主が代わり『ビネガーの館』と名を改めたその屋敷のとあるカラクリ部屋にて
侵入者を迎え撃たんと次々にカラクリを起動させながら、ビネガーは侵入者の一人から突き刺さる鋭い視線に冷や汗を流していた。
(マズイマズイマズイ〜っ!!!!皆の手前、格好つけて新魔王ビネガーだと名乗ってしまったが、まさか奴等と魔王様が共に行動して、この館にまで踏み込んで来るなんてーーっっ)
脇に設置されたハンドルを必死に回し、連動する歯車と鎖がギャリギャリと激しく音を立てるが、そんなことを気にしている余裕はビネガーに無い。
人間達やカエル男ごときに負けるなどと思いもしないが、同行する人物が問題過ぎた。
膨大な魔力を操り魔族を率いていた先代魔王。
突如姿を消し行方が分からなくなっていた彼が、どういう訳かことごとく魔族軍の邪魔をしてきた人間達やカエル男と行動を共にし、戦いを挑んできたのだ。
(ワシの魔力では魔王様に敵う筈もないし、ソイソーの剣術もマヨネーの幻術だって通用しないっ!!)
先代魔王への算段が全く浮かばないビネガーの頭の中には文字通り「ビネガーピーンチッ!!」の一言で埋め尽くされそうだ。
しかし、それは真っ向勝負でぶつかり合えばの話。
このビネガーが考案し、改造したカラクリ部屋ならば、足りない魔力や戦力をも補える仕掛けが施してある。
進んでも戻される動く床。
天井から振り子の如く襲い掛かる刃。
そして、地下から巻き上げられる鎖で次々と現れる魔族軍の屈強な兵達。
(ふふふ、終わりの見えぬ戦闘が続けば如何に魔王様といえど体力魔力共に削られていくはず。

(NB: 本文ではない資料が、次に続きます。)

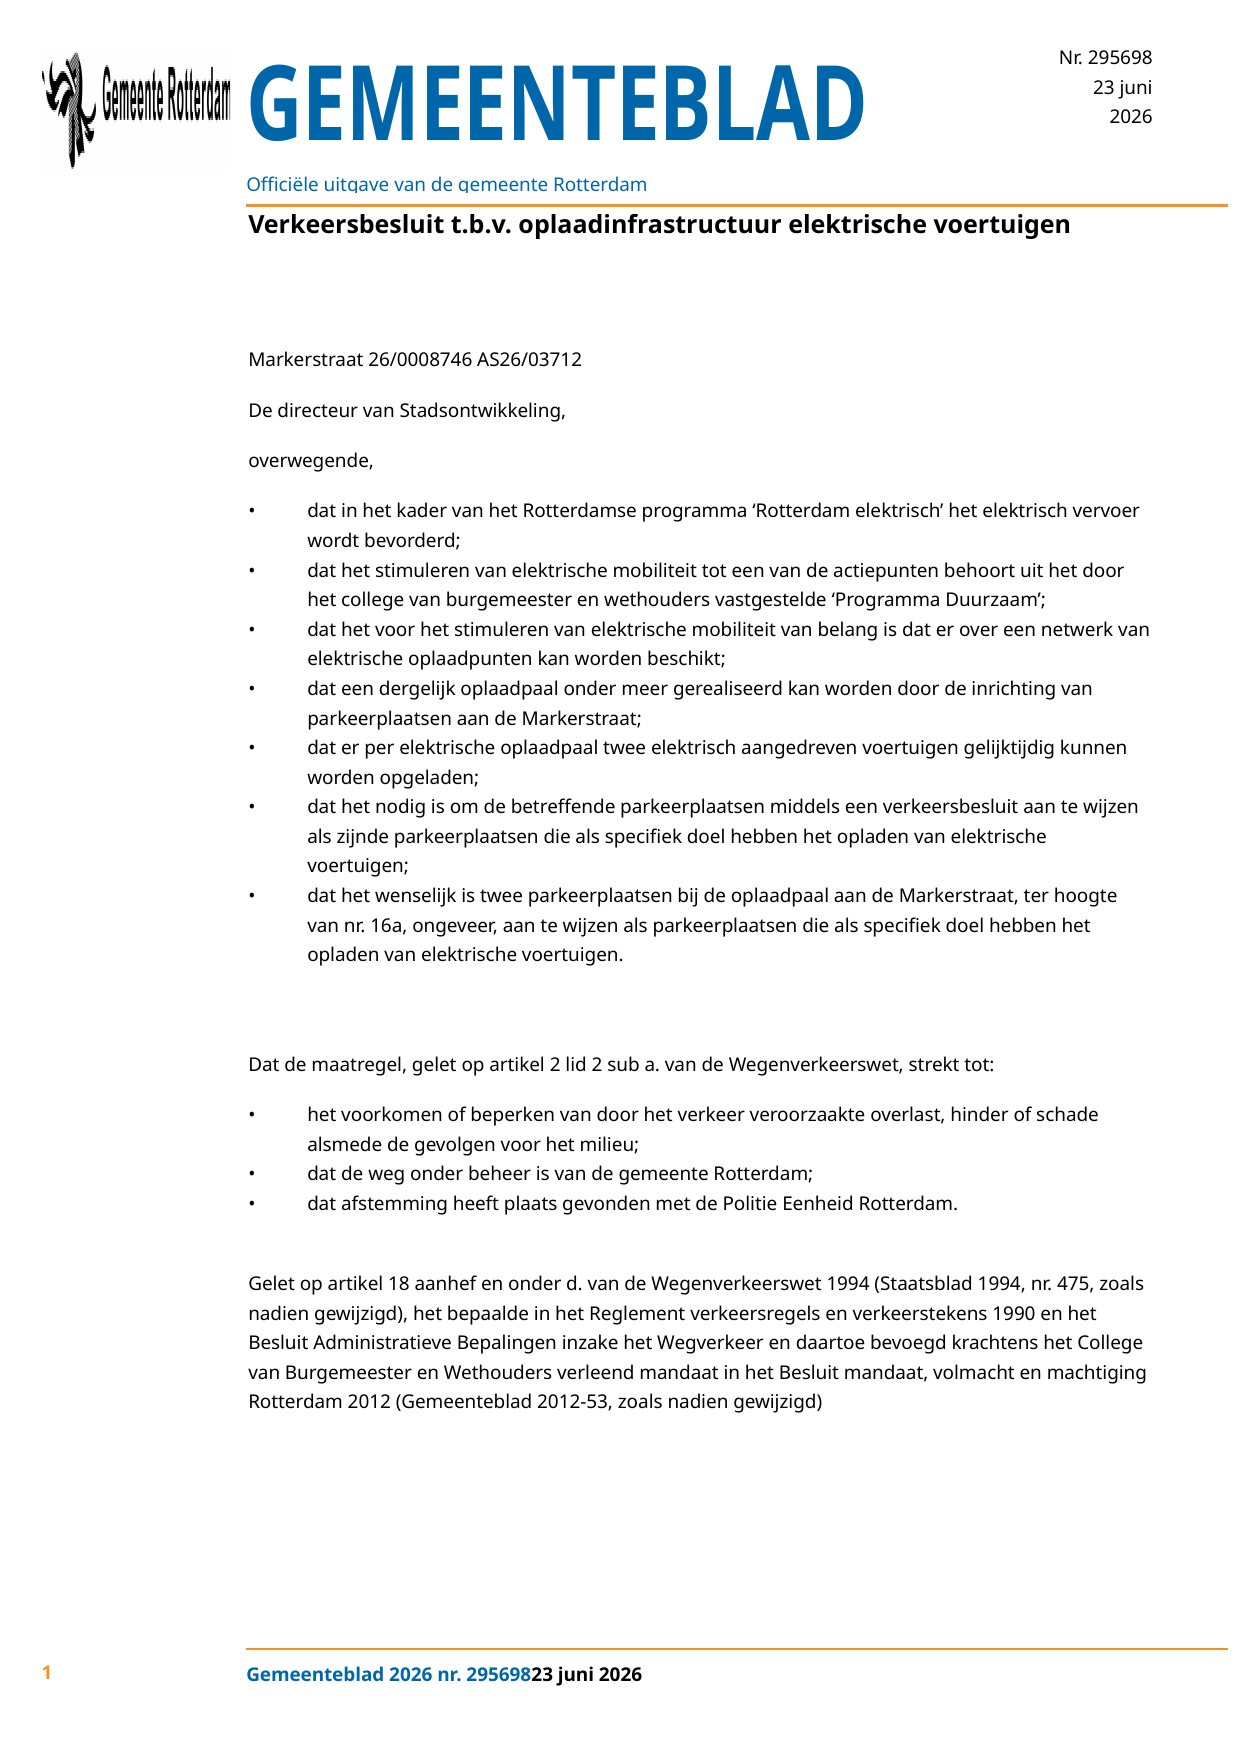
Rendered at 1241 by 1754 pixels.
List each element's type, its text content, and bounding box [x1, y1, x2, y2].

text Markerstraat 26/0008746 AS26/03712 [248, 346, 1152, 372]
text Gelet op artikel 18 aanhef en onder d. van de Wegenverkeerswet 1994 (Staatsblad 1994, nr. 475, zoals nadien gewijzigd), het bepaalde in het Reglement verkeersregels en verkeerstekens 1990 en het Besluit Administratieve Bepalingen inzake het Wegverkeer en daartoe bevoegd krachtens het College van Burgemeester en Wethouders verleend mandaat in het Besluit mandaat, volmacht en machtiging Rotterdam 2012 (Gemeenteblad 2012-53, zoals nadien gewijzigd) [248, 1270, 1152, 1414]
list dat de weg onder beheer is van de gemeente Rotterdam; [248, 1161, 1152, 1186]
list dat afstemming heeft plaats gevonden met de Politie Eenheid Rotterdam. [248, 1190, 1152, 1216]
list dat er per elektrische oplaadpaal twee elektrisch aangedreven voertuigen gelijktijdig kunnen worden opgeladen; [248, 734, 1152, 790]
text Verkeersbesluit t.b.v. oplaadinfrastructuur elektrische voertuigen [248, 207, 1152, 241]
list dat het voor het stimuleren van elektrische mobiliteit van belang is dat er over een netwerk van elektrische oplaadpunten kan worden beschikt; [248, 616, 1152, 671]
list dat in het kader van het Rotterdamse programma ‘Rotterdam elektrisch’ het elektrisch vervoer wordt bevorderd; [248, 498, 1152, 553]
list het voorkomen of beperken van door het verkeer veroorzaakte overlast, hinder of schade alsmede de gevolgen voor het milieu; [248, 1101, 1152, 1157]
picture [41, 47, 231, 172]
list dat het nodig is om de betreffende parkeerplaatsen middels een verkeersbesluit aan te wijzen als zijnde parkeerplaatsen die als specifiek doel hebben het opladen van elektrische voertuigen; [248, 793, 1152, 878]
text overwegende, [248, 447, 1152, 473]
list dat het wenselijk is twee parkeerplaatsen bij de oplaadpaal aan de Markerstraat, ter hoogte van nr. 16a, ongeveer, aan te wijzen als parkeerplaatsen die als specifiek doel hebben het opladen van elektrische voertuigen. [248, 882, 1152, 967]
text Dat de maatregel, gelet op artikel 2 lid 2 sub a. van de Wegenverkeerswet, strekt tot: [248, 1051, 1152, 1077]
text De directeur van Stadsontwikkeling, [248, 397, 1152, 423]
list dat het stimuleren van elektrische mobiliteit tot een van de actiepunten behoort uit het door het college van burgemeester en wethouders vastgestelde ‘Programma Duurzaam’; [248, 557, 1152, 612]
list dat een dergelijk oplaadpaal onder meer gerealiseerd kan worden door de inrichting van parkeerplaatsen aan de Markerstraat; [248, 675, 1152, 731]

そして疲れ切り、動けなくなった所へワシが止めを刺す!完璧な作戦じゃ〜)
ぐふぐふと笑みを零しながらもハンドルを回す手を休めることはない。
ビネガーの計略通り、同行者のカエル男や人間の小娘達が次々と繰り出される攻撃に対応しきれずに上げられる困惑した悲鳴が、ビネガーの鼓膜を心地良く揺らす。
(人間共は複数の異なった攻撃を同時に処理出来ん下等生物。
それに魔王様も、この屋敷内では強力な魔法を危険を犯してまでは使用すまい!)
己の勝利を確信して、意気揚々とハンドルを回し続けるビネガー。
カラクリを止めぬ様に稼動し続けている為、その全身運動に息を荒げているもののその表情には余裕が感じられる。